Robot standing in front of city with Microsoft logo.

What you need to know

  • Microsoft has launched VASA, a new tool capable of turning a static image into a short clip by leveraging AI capabilities.

  • The framework supports 512x512 videos at up to 40 FPS with negligible latency.

  • Microsoft is exploring different avenues to ensure the tool is used responsibly before releasing it to the general public.


Microsoft recently unveiled VASA — a new framework that generates "lifelike talking faces of virtual characters with appealing visual affective skills (VAS), given a single static image and a speech audio clip."

VASA-1 can transform a static image into a short clip by producing lip movements that perfectly synchronize with a speech audio clip. Interestingly, the sophisticated cutting-edge technology makes the AI-generated creation lifelike by "capturing a large spectrum of facial nuances and natural head motions that contribute to the perception of authenticity and liveliness."

Will Microsoft's VASA fuel widespread deepfakes?

AI deepfake
AI deepfake

With the emergence of AI, there's been an increase in deepfakes emerging across social media platforms and widespread AI-generated misinformation about elections. And now, with a sophisticated tool such as VASA-1 capable of delivering high video quality with lifelike facial and head dynamics from static images, a major concern might be how this will impact factual and credible news or information from the internet.

The tool supports 512x512 videos at up to 40 FPS with negligible latency. As it happens, I recently stumbled on a video similar to Microsoft's VASA-generated clips on LinkedIn. I noticed the video was rather off in some aspects like the tone, lip, and head movements.

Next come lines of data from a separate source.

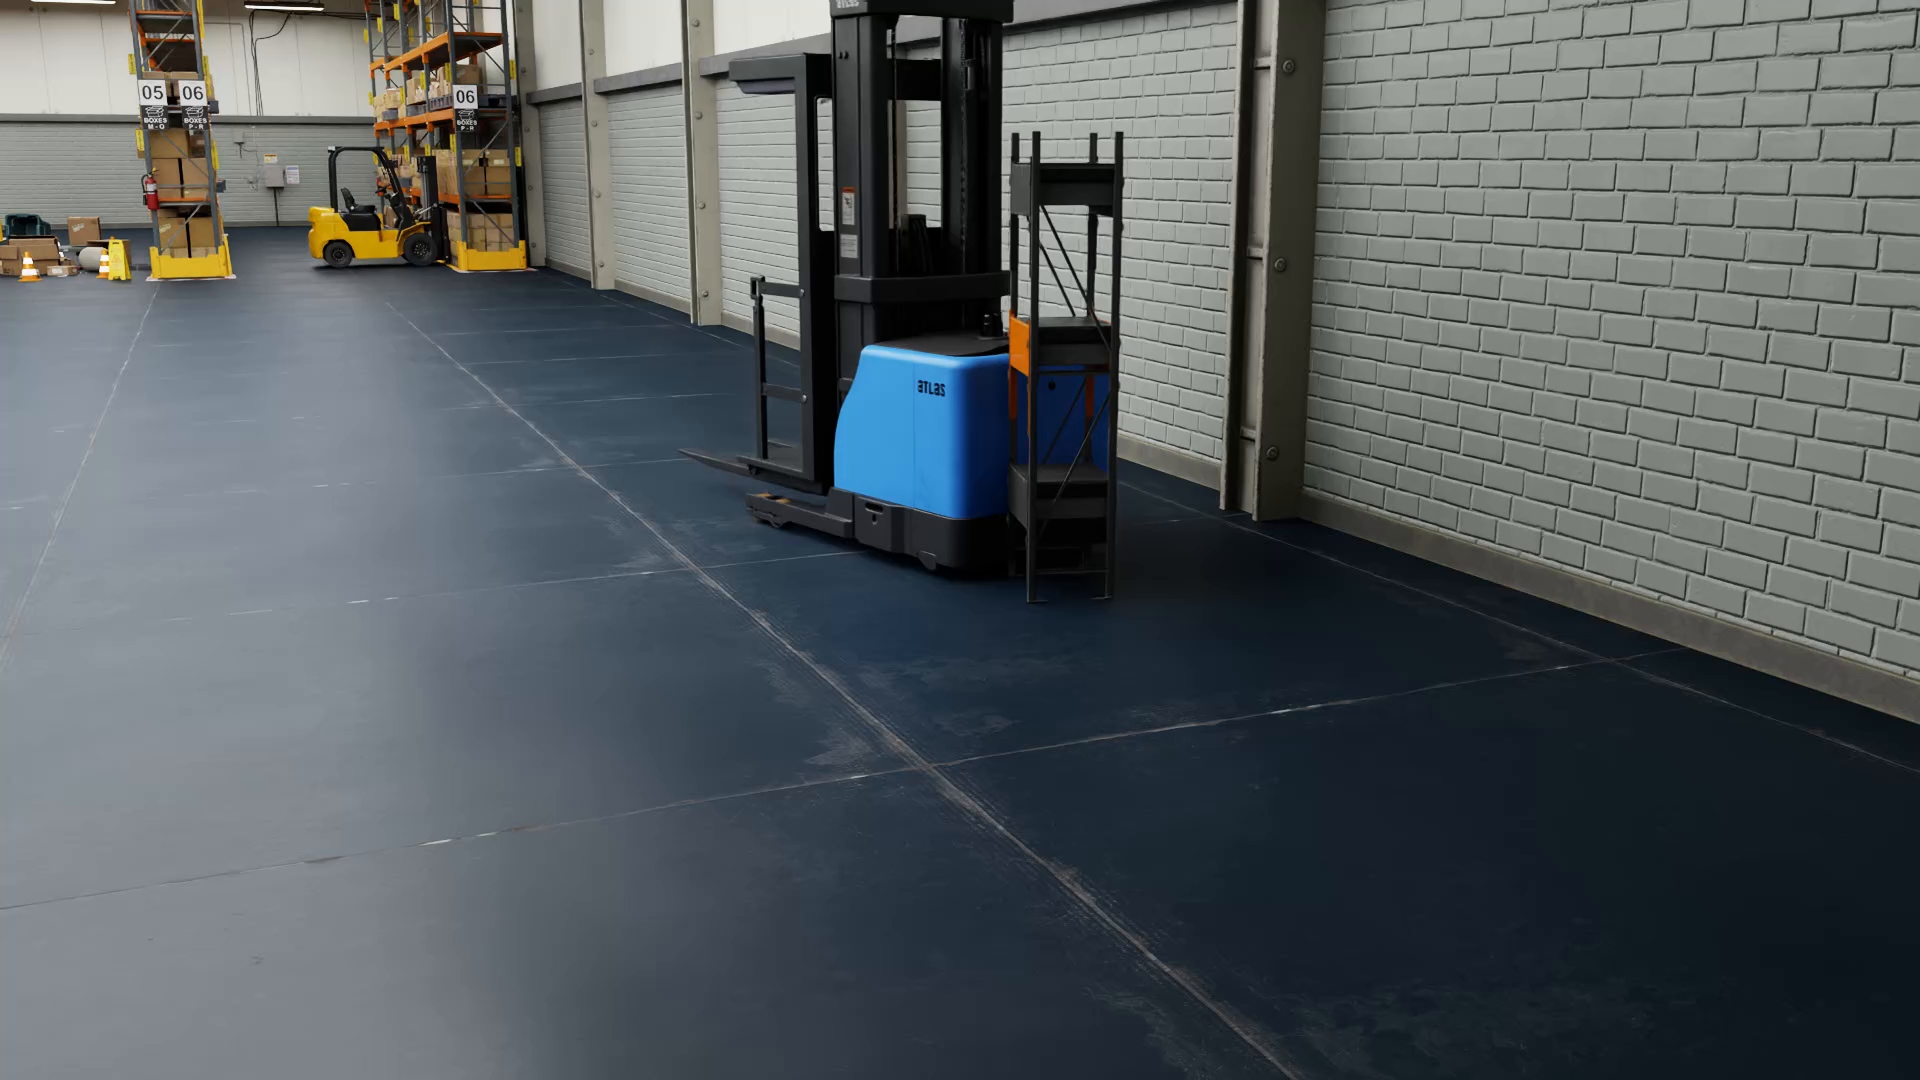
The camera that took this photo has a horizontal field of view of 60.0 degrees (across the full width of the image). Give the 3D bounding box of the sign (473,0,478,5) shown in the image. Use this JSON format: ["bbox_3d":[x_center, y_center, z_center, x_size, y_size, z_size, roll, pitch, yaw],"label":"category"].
[{"bbox_3d":[-9.516,-10.681,32.640,0.100,0.325,0.005,-6,14,-23],"label":"sign"}]

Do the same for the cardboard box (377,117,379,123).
[{"bbox_3d":[-14.705,-10.745,42.550,0.380,0.149,0.250,-5,14,-22],"label":"cardboard box"}]

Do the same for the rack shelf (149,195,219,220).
[{"bbox_3d":[-13.780,-5.968,29.600,1.077,0.370,4.000,-6,14,-23],"label":"rack shelf"}]

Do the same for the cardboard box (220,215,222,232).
[{"bbox_3d":[-17.939,-7.481,39.290,0.875,0.438,0.875,-6,14,-24],"label":"cardboard box"}]

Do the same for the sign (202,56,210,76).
[{"bbox_3d":[-12.482,-7.842,27.509,0.100,0.325,0.005,-6,14,-23],"label":"sign"}]

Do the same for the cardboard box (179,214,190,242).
[{"bbox_3d":[-14.161,-5.599,29.914,0.500,0.500,0.500,-5,14,-20],"label":"cardboard box"}]

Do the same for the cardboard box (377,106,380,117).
[{"bbox_3d":[-14.498,-10.867,42.192,0.500,0.250,0.500,-6,14,-25],"label":"cardboard box"}]

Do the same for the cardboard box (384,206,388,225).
[{"bbox_3d":[-14.683,-8.514,43.608,0.797,0.503,0.637,-6,14,-25],"label":"cardboard box"}]

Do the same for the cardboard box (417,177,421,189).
[{"bbox_3d":[-11.273,-7.611,35.433,0.500,0.250,0.500,-6,14,-25],"label":"cardboard box"}]

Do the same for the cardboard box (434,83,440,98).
[{"bbox_3d":[-9.718,-8.496,31.420,0.396,0.266,0.258,-6,14,-24],"label":"cardboard box"}]

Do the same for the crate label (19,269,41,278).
[{"bbox_3d":[-15.586,-4.470,27.878,0.298,0.136,0.250,9,16,35],"label":"crate label"}]

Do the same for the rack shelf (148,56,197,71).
[{"bbox_3d":[-16.985,-10.349,36.110,1.077,0.370,4.000,-6,14,-23],"label":"rack shelf"}]

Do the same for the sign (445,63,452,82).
[{"bbox_3d":[-8.935,-8.163,29.046,0.100,0.325,0.005,-6,14,-23],"label":"sign"}]

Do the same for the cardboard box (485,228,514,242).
[{"bbox_3d":[-8.430,-5.579,30.381,0.500,0.250,0.500,-5,14,-22],"label":"cardboard box"}]

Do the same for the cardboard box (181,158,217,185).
[{"bbox_3d":[-13.125,-6.329,28.681,0.500,0.500,0.500,-5,14,-21],"label":"cardboard box"}]

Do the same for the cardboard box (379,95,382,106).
[{"bbox_3d":[-14.280,-11.009,41.696,0.500,0.250,0.500,-5,14,-21],"label":"cardboard box"}]

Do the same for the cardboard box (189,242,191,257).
[{"bbox_3d":[-14.153,-5.232,29.990,0.500,0.250,0.500,-6,14,-24],"label":"cardboard box"}]

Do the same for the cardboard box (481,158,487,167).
[{"bbox_3d":[-8.488,-6.858,30.189,0.380,0.149,0.250,-6,14,-23],"label":"cardboard box"}]

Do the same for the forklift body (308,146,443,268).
[{"bbox_3d":[-10.864,-6.168,30.751,2.313,2.155,1.214,-6,14,-23],"label":"forklift body"}]

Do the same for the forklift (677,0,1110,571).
[{"bbox_3d":[-0.543,-1.553,9.078,1.130,2.935,3.031,-10,17,-38],"label":"forklift"}]

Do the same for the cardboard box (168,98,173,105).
[{"bbox_3d":[-13.623,-7.458,28.345,0.380,0.149,0.250,-6,14,-23],"label":"cardboard box"}]

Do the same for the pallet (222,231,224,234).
[{"bbox_3d":[-18.019,-7.190,39.469,1.003,0.211,1.213,-6,14,-23],"label":"pallet"}]

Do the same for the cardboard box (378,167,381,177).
[{"bbox_3d":[-14.907,-9.614,43.430,0.500,0.250,0.500,-6,14,-23],"label":"cardboard box"}]

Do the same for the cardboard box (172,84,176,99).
[{"bbox_3d":[-13.359,-7.776,28.837,0.500,0.250,0.500,-5,14,-21],"label":"cardboard box"}]

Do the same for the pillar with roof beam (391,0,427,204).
[{"bbox_3d":[-19.040,-12.833,44.359,9.100,9.000,0.548,-6,14,-23],"label":"pillar with roof beam"}]

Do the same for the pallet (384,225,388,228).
[{"bbox_3d":[-14.491,-8.121,43.492,1.003,0.211,1.213,-6,14,-23],"label":"pallet"}]

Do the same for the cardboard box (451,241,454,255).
[{"bbox_3d":[-9.101,-5.392,30.681,0.500,0.250,0.500,-6,14,-23],"label":"cardboard box"}]

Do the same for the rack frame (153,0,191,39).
[{"bbox_3d":[-19.388,-12.134,41.340,1.000,3.000,0.127,-6,14,-23],"label":"rack frame"}]

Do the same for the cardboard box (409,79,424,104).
[{"bbox_3d":[-11.276,-9.504,35.254,0.700,0.500,0.500,-6,14,-24],"label":"cardboard box"}]

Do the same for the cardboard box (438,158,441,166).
[{"bbox_3d":[-9.778,-7.240,31.837,0.380,0.149,0.250,-6,14,-24],"label":"cardboard box"}]

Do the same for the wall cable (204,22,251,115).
[{"bbox_3d":[-21.235,-13.351,46.599,2.355,3.000,0.029,-6,14,-23],"label":"wall cable"}]

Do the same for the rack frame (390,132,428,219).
[{"bbox_3d":[-13.239,-8.834,40.386,1.000,3.000,0.127,-6,14,-23],"label":"rack frame"}]

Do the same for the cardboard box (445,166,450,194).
[{"bbox_3d":[-9.275,-6.695,30.924,0.500,0.500,0.500,-6,14,-24],"label":"cardboard box"}]

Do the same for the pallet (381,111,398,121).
[{"bbox_3d":[-13.042,-10.063,39.460,1.213,0.211,1.003,-6,14,-23],"label":"pallet"}]

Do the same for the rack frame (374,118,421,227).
[{"bbox_3d":[-14.842,-9.660,43.957,1.000,3.000,0.127,-6,14,-23],"label":"rack frame"}]

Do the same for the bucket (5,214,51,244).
[{"bbox_3d":[-16.909,-5.590,30.258,0.726,0.611,0.620,-1,3,-4],"label":"bucket"}]

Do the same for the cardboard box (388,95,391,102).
[{"bbox_3d":[-13.159,-10.314,38.873,0.380,0.149,0.250,-6,14,-24],"label":"cardboard box"}]

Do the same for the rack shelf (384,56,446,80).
[{"bbox_3d":[-12.438,-10.798,38.051,1.077,0.370,4.000,-6,14,-23],"label":"rack shelf"}]

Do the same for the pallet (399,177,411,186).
[{"bbox_3d":[-12.420,-8.315,38.571,1.003,0.211,1.213,-6,14,-23],"label":"pallet"}]

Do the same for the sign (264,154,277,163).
[{"bbox_3d":[-19.819,-10.974,47.800,0.339,0.242,0.001,-6,14,-23],"label":"sign"}]

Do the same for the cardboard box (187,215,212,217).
[{"bbox_3d":[-13.272,-5.440,29.226,0.500,0.500,0.500,-6,14,-25],"label":"cardboard box"}]

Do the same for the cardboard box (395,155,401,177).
[{"bbox_3d":[-12.729,-8.698,38.646,0.700,0.500,0.500,-6,14,-23],"label":"cardboard box"}]

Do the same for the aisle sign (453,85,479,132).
[{"bbox_3d":[-8.675,-7.581,29.208,0.394,0.787,0.004,-6,14,-23],"label":"aisle sign"}]

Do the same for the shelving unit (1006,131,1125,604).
[{"bbox_3d":[0.472,-0.794,7.643,0.431,2.100,0.503,-2,13,-9],"label":"shelving unit"}]

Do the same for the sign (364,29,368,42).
[{"bbox_3d":[-15.339,-13.028,42.954,0.100,0.325,0.005,-6,14,-23],"label":"sign"}]

As more people continue to embrace AI, tools like VASA and Image Creator from Designer will improve at generating images and clips. They are already raising concerns among professionals in the built environment industry, as they are good at generating structural designs and could render them obsolete.

We recently reported on a bizarre incident where a popular Canadian rapper used AI to generate a verse using a deceased rapper's voice without his estate's approval and featured it in a track. Similarly, the flow on the diss track was off, but the deceased rapper's voice was uncanny.

Microsoft indicates it has no plans to release "an online demo, API, product, additional implementation details, or any related offerings," till it has elaborate measures to regulate and ensure the tool's offerings are used responsibly.